疑第扣動扳機。
這距離……張青習慣性一縮脖子,感覺耳邊一陣厲風颳過,背後輕輕一震,但他身上卻沒有疼痛的感覺,稍停,張青伸手向後摸摸脊背——啊,背後插得“認軍旗”不見了。
剛才那一槍正好將旗杆打斷——原來,我還在對方射程裡?
“阿也!”張青怪叫一聲翻身就走。路兩邊的梁山好漢也跟著退後數步,眨眼間,趕來增援的人馬與張青劈面相逢,對方高喊:“青天白日的,何處響霹靂?”
“對面……”張青指著時穿的車陣喊道:“那大將拿著一種古怪火器,發射時冒煙冒火,響如霹靂,最古怪的是那種武器射程極遠,但現在我還未曾測出拿武器的射程……阿也,我的認軍旗都被對方打落了。”
兩名來增援的將領向這裡望了望,領著二十騎向車陣方向走動了幾步,因無法估計出火槍的射程,他們停留在車陣前百餘米的地方,領先的將領揚聲喊道:“梁山好漢全夥在此,對面來者可是海州霹靂火時穿?”
霹靂火?我?我也有了綽號,似乎還很響亮……霹靂火,這綽號我喜歡!
時穿直起身子來,笑眯眯的問:“霹靂火是誰我不知道,可這名字我喜歡,挺威風挺順口的,多謝多謝……不知道我兩個玩火器的徒弟,又有什麼綽號?”
對面的將領背後插得認軍旗繡了個大大的“林”字,這個“林”是繡在一個豹子頭圖案中,旗子是黑綢面的,而豹子頭影象是淡黃色的,那個“林”字則用的紅色絲線——黑黃紅,三種顏色在旗面上搭配起來,很有點觸目驚心的感覺。
初春的微風吹過,旗面上的豹子頭顯得活靈活現。
聽到時穿的問話,背插“林”字認軍旗的將領插手回答:“時教頭說的是轟天雷凌飛、神火將凌鵬吧,咱們在青州撞見過神火將,他手中的掌心雷確實出色。

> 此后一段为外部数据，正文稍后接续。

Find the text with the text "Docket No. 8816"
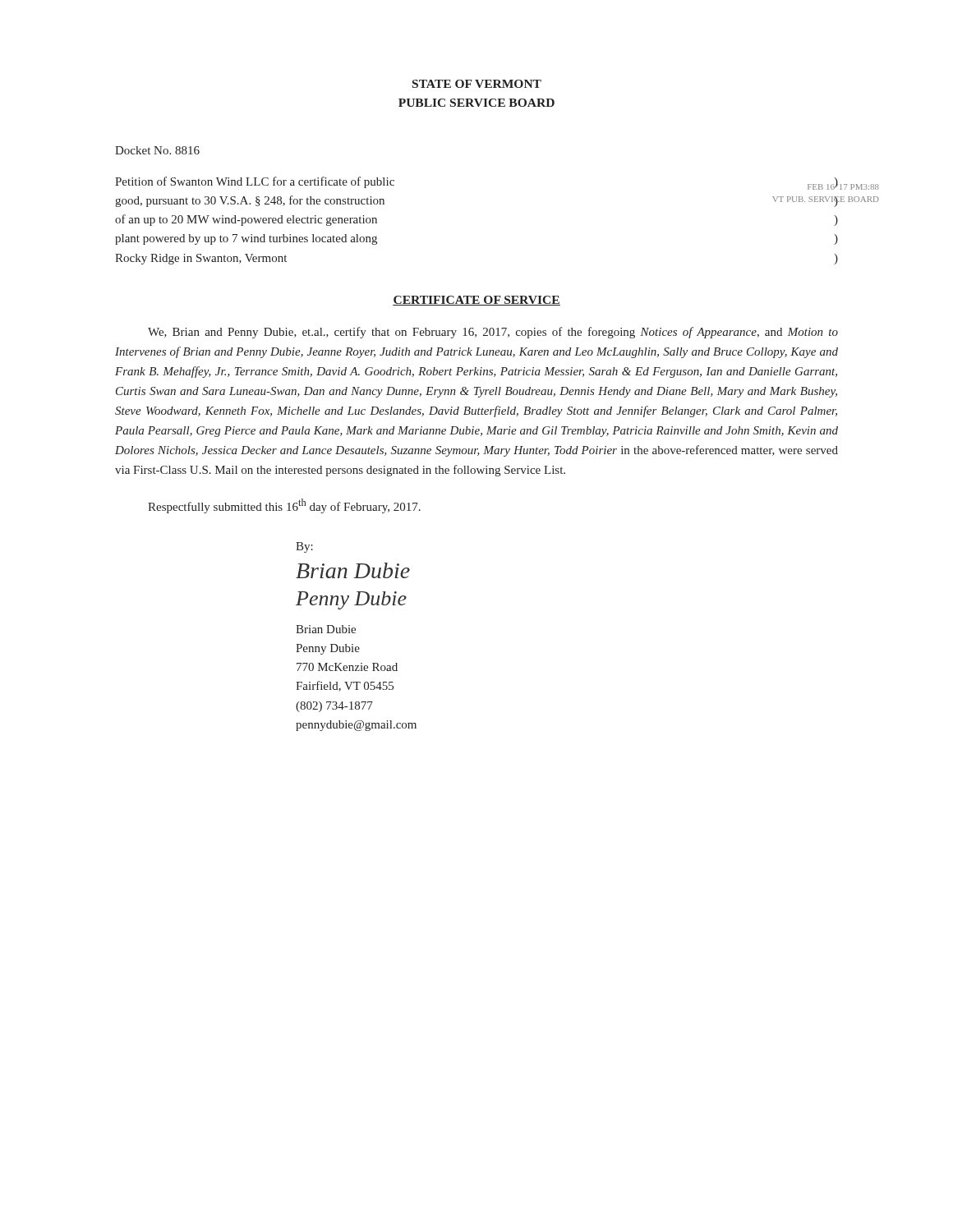(157, 150)

”
時穿用一雙看透時空看透因果的眼睛,瞄了一下林姓將領,笑著問:“說話者可是‘豹子頭林沖’?林指揮使,我那徒弟讓你們吃了點虧吧?”
林沖在馬上微微點頭,承認了自己的身份,同時微笑著說:“也不算吃虧,哈哈,他依仗掌心雷與我們作對,雖然傷了我們幾個兄弟,但也被我們依仗馬快,又搬回了本,如今他不來惹我們,不出頭干涉我等縱橫,所以從結果來說,我們倒不曾吃虧。”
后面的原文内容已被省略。